The Commission of Investigation quoted extensively from Litster’s comprehensive 1947 report on Tuam. She found that the children received good care and that the nuns were careful and attentive. She reported that excellent diets were available. She noted that the medical doctor responsible for the Home had a keen interest in the welfare of the children, their progress and their diet. (She thought that the advice and assistance of a younger doctor should be available – Dr Costello was 80 years old at the time.) Ninety per cent of the children were found to be in good health.

Litster’s report was consistent with an earlier inspection carried out by her predecessor, Dr Florence Dillon, who reported that the children are well cared for; weekly weight charts were kept in case of non-thriving infants and also case histories.

Litster was particularly exercised by the high mortality rates of infants in the Homes in general and particularly in Tuam. But she asserted unequivocally that it was not due to negligence or malnutrition. She believed that there was a constant risk of infection because of admissions of entire families, "itinerants, destitutes, evicted persons, etc., into the Children’s Home". She remarked that Dr Dillon had previously drawn attention to this in 1945. There was no isolation unit, which meant that children newly-admitted were mingling with others in the home, and there was no routine examination and testing for venereal diseases.

The construction of an isolation unit was widely seen as an effective means of reducing sickness and mortality. The matron appealed to the County Council - the owners and funders of the Home – for more funds to construct an isolation unit. This request was refused. An earlier inspection reported that the matron was also anxious to have central heating installed, as this would reduce infant mortality in the winter months. But that was also refused at the time.

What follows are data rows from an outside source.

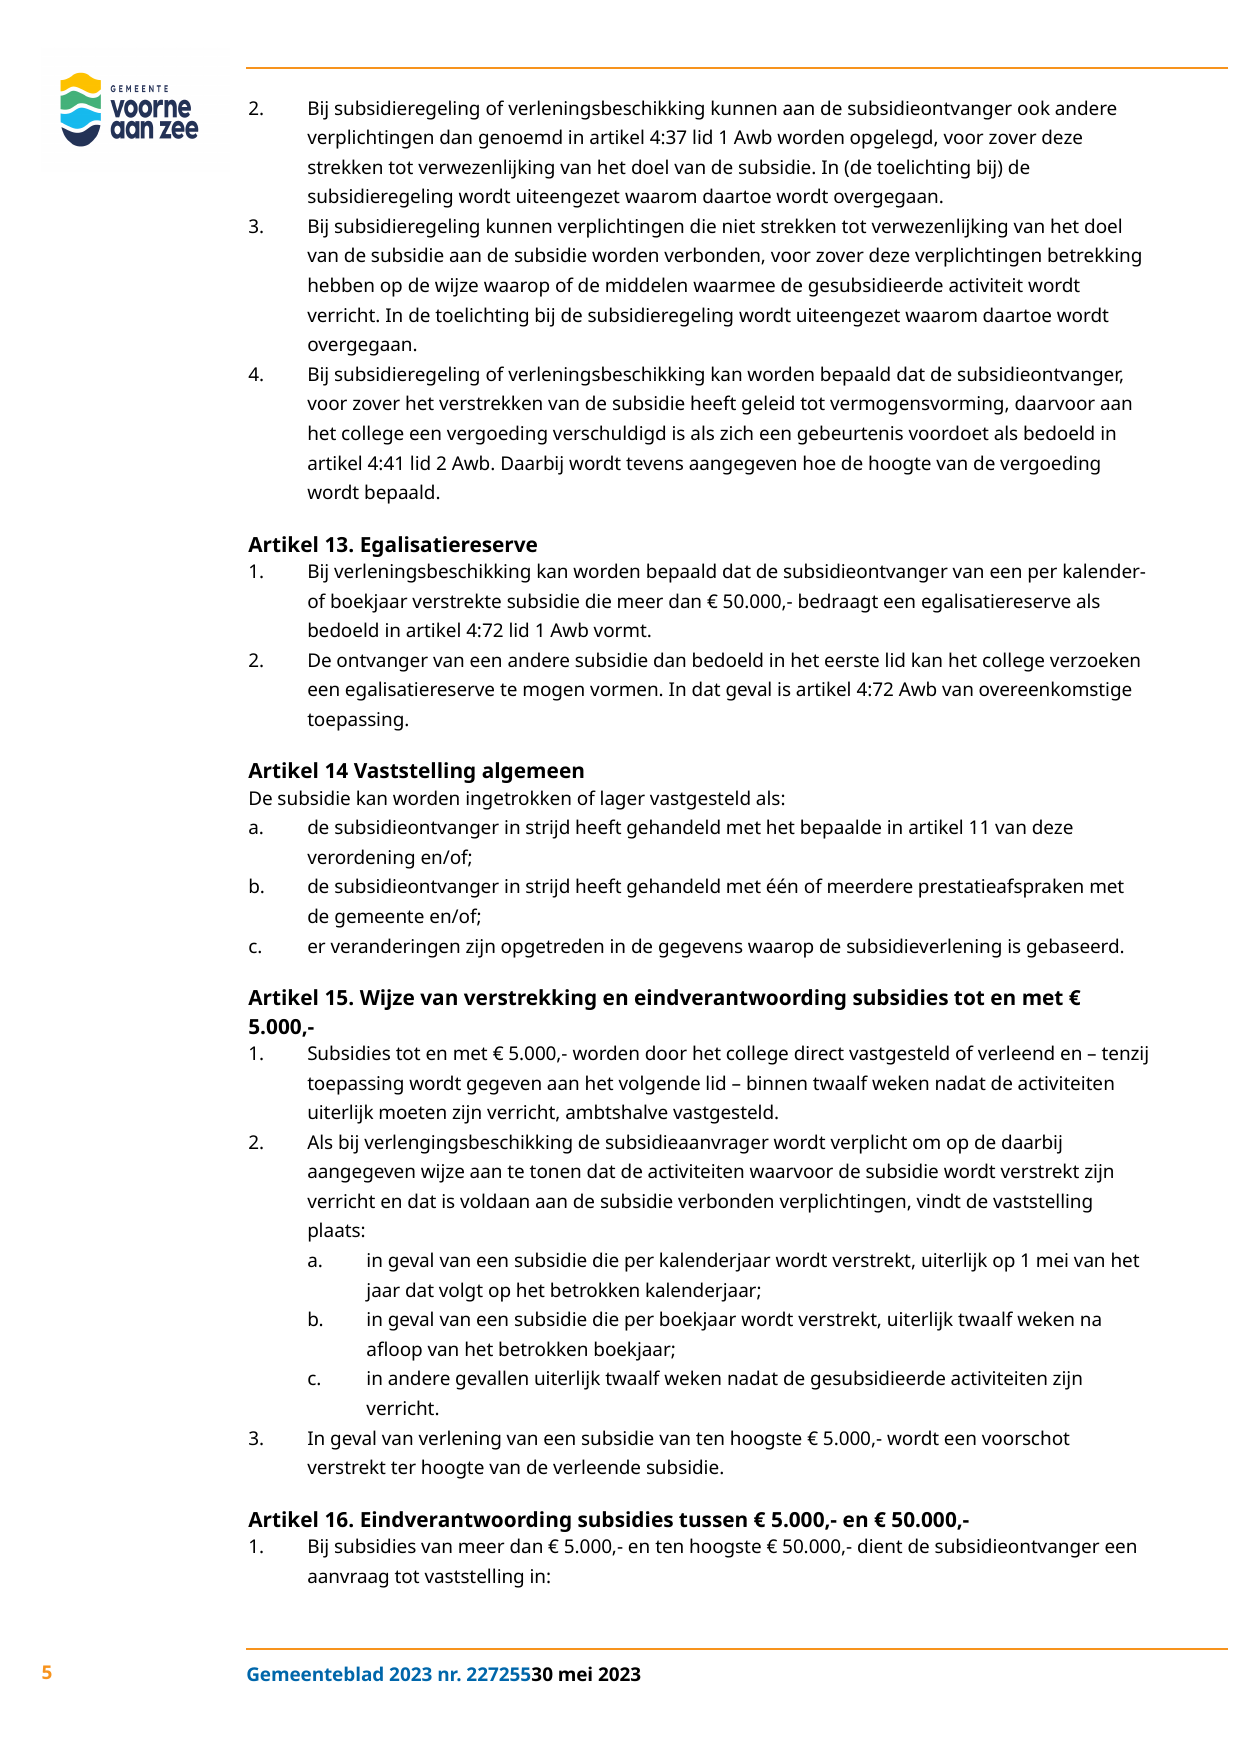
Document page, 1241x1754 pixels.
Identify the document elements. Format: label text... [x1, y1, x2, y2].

list in geval van een subsidie die per boekjaar wordt verstrekt, uiterlijk twaalf weken na afloop van het betrokken boekjaar; [307, 1306, 1152, 1362]
list In geval van verlening van een subsidie van ten hoogste € 5.000,- wordt een voorschot verstrekt ter hoogte van de verleende subsidie. [248, 1425, 1152, 1480]
list in geval van een subsidie die per kalenderjaar wordt verstrekt, uiterlijk op 1 mei van het jaar dat volgt op het betrokken kalenderjaar; [307, 1247, 1152, 1303]
list de subsidieontvanger in strijd heeft gehandeld met één of meerdere prestatieafspraken met de gemeente en/of; [248, 874, 1152, 929]
picture [41, 47, 231, 172]
list Bij subsidieregeling of verleningsbeschikking kan worden bepaald dat de subsidieontvanger, voor zover het verstrekken van de subsidie heeft geleid tot vermogensvorming, daarvoor aan het college een vergoeding verschuldigd is als zich een gebeurtenis voordoet als bedoeld in artikel 4:41 lid 2 Awb. Daarbij wordt tevens aangegeven hoe de hoogte van de vergoeding wordt bepaald. [248, 361, 1152, 505]
list de subsidieontvanger in strijd heeft gehandeld met het bepaalde in artikel 11 van deze verordening en/of; [248, 814, 1152, 870]
text Artikel 13. Egalisatiereserve [248, 530, 1152, 558]
list er veranderingen zijn opgetreden in de gegevens waarop de subsidieverlening is gebaseerd. [248, 933, 1152, 959]
list Subsidies tot en met € 5.000,- worden door het college direct vastgesteld of verleend en – tenzij toepassing wordt gegeven aan het volgende lid – binnen twaalf weken nadat de activiteiten uiterlijk moeten zijn verricht, ambtshalve vastgesteld. [248, 1040, 1152, 1125]
list in andere gevallen uiterlijk twaalf weken nadat de gesubsidieerde activiteiten zijn verricht. [307, 1366, 1152, 1421]
list Bij subsidies van meer dan € 5.000,- en ten hoogste € 50.000,- dient de subsidieontvanger een aanvraag tot vaststelling in: [248, 1533, 1152, 1588]
text Artikel 14 Vaststelling algemeen [248, 757, 1152, 785]
list Bij verleningsbeschikking kan worden bepaald dat de subsidieontvanger van een per kalender- of boekjaar verstrekte subsidie die meer dan € 50.000,- bedraagt een egalisatiereserve als bedoeld in artikel 4:72 lid 1 Awb vormt. [248, 558, 1152, 643]
text Artikel 16. Eindverantwoording subsidies tussen € 5.000,- en € 50.000,- [248, 1505, 1152, 1533]
text Artikel 15. Wijze van verstrekking en eindverantwoording subsidies tot en met € 5.000,- [248, 983, 1152, 1040]
text De subsidie kan worden ingetrokken of lager vastgesteld als: [248, 785, 1152, 811]
list De ontvanger van een andere subsidie dan bedoeld in het eerste lid kan het college verzoeken een egalisatiereserve te mogen vormen. In dat geval is artikel 4:72 Awb van overeenkomstige toepassing. [248, 647, 1152, 732]
list Als bij verlengingsbeschikking de subsidieaanvrager wordt verplicht om op de daarbij aangegeven wijze aan te tonen dat de activiteiten waarvoor de subsidie wordt verstrekt zijn verricht en dat is voldaan aan de subsidie verbonden verplichtingen, vindt de vaststelling plaats: [248, 1129, 1152, 1243]
list Bij subsidieregeling kunnen verplichtingen die niet strekken tot verwezenlijking van het doel van de subsidie aan de subsidie worden verbonden, voor zover deze verplichtingen betrekking hebben op de wijze waarop of de middelen waarmee de gesubsidieerde activiteit wordt verricht. In de toelichting bij de subsidieregeling wordt uiteengezet waarom daartoe wordt overgegaan. [248, 213, 1152, 357]
list Bij subsidieregeling of verleningsbeschikking kunnen aan de subsidieontvanger ook andere verplichtingen dan genoemd in artikel 4:37 lid 1 Awb worden opgelegd, voor zover deze strekken tot verwezenlijking van het doel van de subsidie. In (de toelichting bij) de subsidieregeling wordt uiteengezet waarom daartoe wordt overgegaan. [248, 95, 1152, 209]

Excavations carried out on the site cast further doubt on the accuracy of reports to date. An initial excavation was carried out in 2016 - the human remains it found were not in a sewage tank, but in a second structure with 20 chambers, which was built within the decommissioned large sewage tank (admittedly not a very dignified burial and acknowledged as such by the nuns.) The Office of the Director of Authorised Intervention Tuam (ODAIT) began an official excavation of the site in 2025. To date sets of infant remains have been recovered, all of which had been buried in coffins in a formal burial ground. They have issued a number of reports to date.

It would appear that the Bon Secours Sisters have suffered a serious miscarriage of justice with their reputation ruined. To date, journalists, politicians, and historians such as Diarmuid Ferriter, have not acknowledged the findings of the Commission of Investigation in relation to Tuam. Surely we owe the Sisters an apology.